Exercise instructions —
Among the lines below, some may hold the word "left"; state how many do, giving only the number.

(Collected data entries)
+++

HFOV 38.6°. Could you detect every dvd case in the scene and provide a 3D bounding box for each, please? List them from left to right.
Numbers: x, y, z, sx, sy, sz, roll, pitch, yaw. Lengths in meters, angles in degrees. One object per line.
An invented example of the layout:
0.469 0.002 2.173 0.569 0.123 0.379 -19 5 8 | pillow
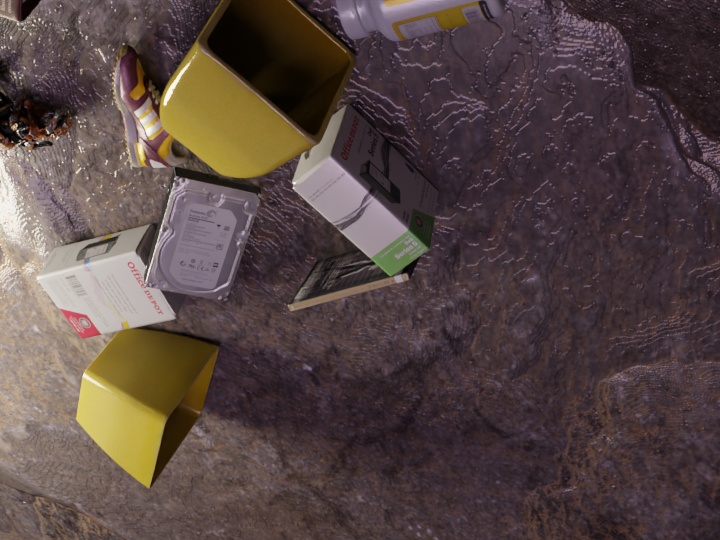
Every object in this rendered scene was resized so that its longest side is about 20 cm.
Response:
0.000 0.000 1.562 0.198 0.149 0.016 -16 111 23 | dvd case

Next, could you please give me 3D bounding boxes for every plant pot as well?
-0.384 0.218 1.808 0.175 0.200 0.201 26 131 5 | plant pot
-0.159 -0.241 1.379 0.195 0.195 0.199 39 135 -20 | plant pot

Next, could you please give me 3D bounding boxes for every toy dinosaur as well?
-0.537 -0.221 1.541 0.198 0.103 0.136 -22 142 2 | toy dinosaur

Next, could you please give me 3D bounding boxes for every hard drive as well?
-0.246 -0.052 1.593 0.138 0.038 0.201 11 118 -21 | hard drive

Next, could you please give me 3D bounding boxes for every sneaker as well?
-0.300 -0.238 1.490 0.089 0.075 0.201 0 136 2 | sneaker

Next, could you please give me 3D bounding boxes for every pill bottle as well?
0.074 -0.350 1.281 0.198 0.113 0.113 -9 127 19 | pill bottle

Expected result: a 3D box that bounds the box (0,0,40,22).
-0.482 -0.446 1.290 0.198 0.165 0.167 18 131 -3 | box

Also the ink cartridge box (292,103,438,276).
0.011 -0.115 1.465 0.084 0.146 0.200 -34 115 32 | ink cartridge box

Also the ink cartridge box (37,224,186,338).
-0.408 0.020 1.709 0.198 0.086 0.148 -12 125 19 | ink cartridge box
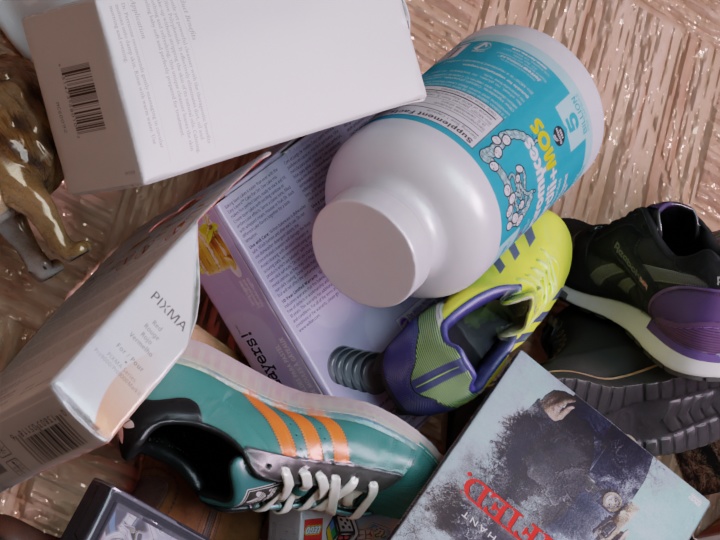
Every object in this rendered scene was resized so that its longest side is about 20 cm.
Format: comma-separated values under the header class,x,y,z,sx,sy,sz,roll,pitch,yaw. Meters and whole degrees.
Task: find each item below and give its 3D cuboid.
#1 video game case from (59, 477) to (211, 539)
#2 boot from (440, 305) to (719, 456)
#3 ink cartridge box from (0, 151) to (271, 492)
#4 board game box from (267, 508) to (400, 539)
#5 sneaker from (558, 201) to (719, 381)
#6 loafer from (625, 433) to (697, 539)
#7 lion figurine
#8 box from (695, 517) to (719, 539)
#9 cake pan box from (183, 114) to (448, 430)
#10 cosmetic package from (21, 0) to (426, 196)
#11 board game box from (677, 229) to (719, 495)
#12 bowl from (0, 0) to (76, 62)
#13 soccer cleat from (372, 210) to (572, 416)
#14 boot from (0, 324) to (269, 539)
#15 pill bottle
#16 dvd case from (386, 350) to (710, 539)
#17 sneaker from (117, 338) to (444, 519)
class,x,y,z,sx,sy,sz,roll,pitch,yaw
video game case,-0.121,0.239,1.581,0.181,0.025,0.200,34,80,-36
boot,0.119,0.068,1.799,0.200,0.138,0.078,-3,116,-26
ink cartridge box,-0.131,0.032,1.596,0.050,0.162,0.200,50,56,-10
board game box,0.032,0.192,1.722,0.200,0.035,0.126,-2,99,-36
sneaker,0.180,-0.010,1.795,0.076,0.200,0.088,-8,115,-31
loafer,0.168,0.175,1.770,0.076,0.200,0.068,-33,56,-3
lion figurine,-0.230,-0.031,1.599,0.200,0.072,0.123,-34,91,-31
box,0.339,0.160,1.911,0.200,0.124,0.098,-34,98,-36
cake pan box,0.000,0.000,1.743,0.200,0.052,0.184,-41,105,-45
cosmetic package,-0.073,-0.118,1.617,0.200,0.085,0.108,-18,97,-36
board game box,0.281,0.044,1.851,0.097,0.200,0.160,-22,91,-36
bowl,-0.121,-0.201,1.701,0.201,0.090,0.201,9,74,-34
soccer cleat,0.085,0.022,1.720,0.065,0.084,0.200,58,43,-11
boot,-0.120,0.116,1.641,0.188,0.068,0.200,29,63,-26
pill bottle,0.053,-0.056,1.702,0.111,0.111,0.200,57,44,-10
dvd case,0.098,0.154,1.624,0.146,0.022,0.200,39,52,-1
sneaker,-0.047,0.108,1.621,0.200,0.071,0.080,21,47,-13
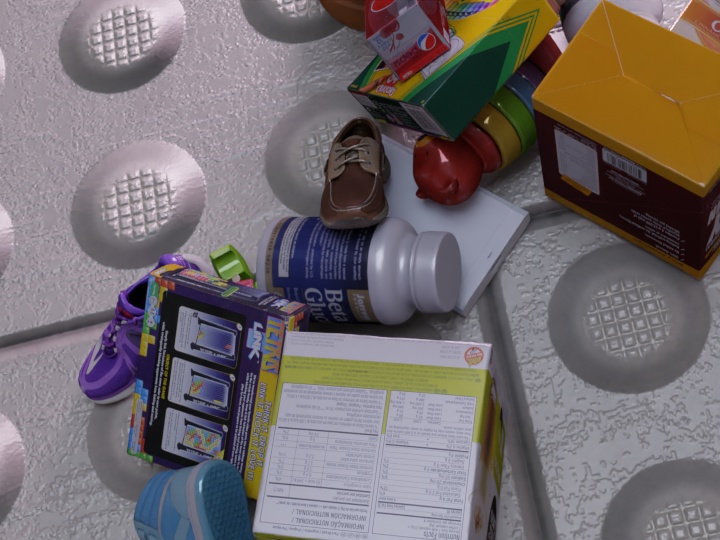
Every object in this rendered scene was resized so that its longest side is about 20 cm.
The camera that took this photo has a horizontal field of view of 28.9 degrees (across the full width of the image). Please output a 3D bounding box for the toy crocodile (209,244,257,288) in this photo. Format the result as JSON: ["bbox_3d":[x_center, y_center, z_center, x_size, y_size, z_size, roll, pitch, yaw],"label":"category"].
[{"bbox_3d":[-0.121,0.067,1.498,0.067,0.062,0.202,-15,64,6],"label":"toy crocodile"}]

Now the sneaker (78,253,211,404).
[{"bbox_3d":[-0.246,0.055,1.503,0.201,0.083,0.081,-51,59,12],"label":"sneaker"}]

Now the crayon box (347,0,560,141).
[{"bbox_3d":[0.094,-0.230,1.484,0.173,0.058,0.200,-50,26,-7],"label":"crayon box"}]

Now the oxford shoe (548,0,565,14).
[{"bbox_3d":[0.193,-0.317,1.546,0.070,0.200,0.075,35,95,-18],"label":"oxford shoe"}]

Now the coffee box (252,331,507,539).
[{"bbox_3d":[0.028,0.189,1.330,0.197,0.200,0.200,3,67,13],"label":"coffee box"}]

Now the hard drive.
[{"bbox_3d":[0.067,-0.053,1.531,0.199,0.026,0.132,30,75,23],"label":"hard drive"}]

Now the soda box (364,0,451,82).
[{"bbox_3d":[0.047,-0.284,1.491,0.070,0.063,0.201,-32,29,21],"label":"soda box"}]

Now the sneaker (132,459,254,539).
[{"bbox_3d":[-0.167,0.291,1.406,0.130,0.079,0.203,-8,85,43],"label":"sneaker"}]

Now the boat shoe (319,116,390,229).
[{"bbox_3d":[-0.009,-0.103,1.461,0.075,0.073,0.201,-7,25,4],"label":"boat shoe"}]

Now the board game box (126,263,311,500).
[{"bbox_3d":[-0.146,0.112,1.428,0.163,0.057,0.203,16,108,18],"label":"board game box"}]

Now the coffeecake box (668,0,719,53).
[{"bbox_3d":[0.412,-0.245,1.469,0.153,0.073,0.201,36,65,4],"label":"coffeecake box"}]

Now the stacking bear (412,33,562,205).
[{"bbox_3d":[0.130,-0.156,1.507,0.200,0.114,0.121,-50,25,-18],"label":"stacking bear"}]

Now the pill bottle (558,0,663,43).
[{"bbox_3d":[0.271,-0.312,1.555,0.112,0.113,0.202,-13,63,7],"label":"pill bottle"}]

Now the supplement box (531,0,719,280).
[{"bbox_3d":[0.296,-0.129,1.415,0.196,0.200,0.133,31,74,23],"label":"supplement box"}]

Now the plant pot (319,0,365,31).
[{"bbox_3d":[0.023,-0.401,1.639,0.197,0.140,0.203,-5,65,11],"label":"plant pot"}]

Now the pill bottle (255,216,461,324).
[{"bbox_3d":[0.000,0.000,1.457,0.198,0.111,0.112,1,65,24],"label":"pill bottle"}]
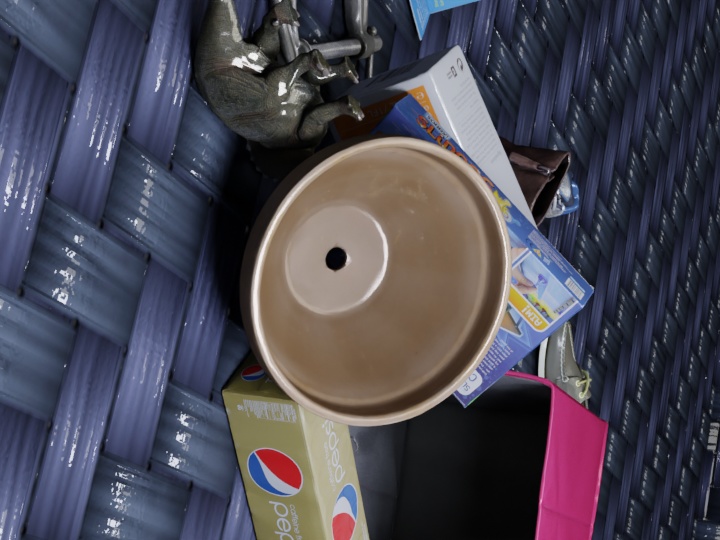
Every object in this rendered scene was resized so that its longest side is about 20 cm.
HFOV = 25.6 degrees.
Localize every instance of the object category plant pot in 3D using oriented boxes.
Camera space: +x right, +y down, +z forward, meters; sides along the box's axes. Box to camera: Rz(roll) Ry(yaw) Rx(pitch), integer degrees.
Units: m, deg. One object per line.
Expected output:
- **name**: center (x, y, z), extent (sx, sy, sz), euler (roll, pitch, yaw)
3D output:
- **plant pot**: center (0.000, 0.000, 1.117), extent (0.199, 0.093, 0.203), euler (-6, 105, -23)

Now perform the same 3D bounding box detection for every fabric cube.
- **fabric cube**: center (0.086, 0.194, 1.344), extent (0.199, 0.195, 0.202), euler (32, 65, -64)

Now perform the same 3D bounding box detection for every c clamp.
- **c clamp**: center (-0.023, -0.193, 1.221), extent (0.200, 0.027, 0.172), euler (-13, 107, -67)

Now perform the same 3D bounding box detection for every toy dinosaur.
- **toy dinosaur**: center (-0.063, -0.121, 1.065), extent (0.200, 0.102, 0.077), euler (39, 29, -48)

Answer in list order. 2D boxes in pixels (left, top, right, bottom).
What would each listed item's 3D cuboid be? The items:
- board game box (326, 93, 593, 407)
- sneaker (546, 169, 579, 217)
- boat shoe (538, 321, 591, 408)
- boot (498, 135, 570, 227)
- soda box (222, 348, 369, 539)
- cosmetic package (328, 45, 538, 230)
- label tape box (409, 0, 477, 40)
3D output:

+++

Expected answer —
2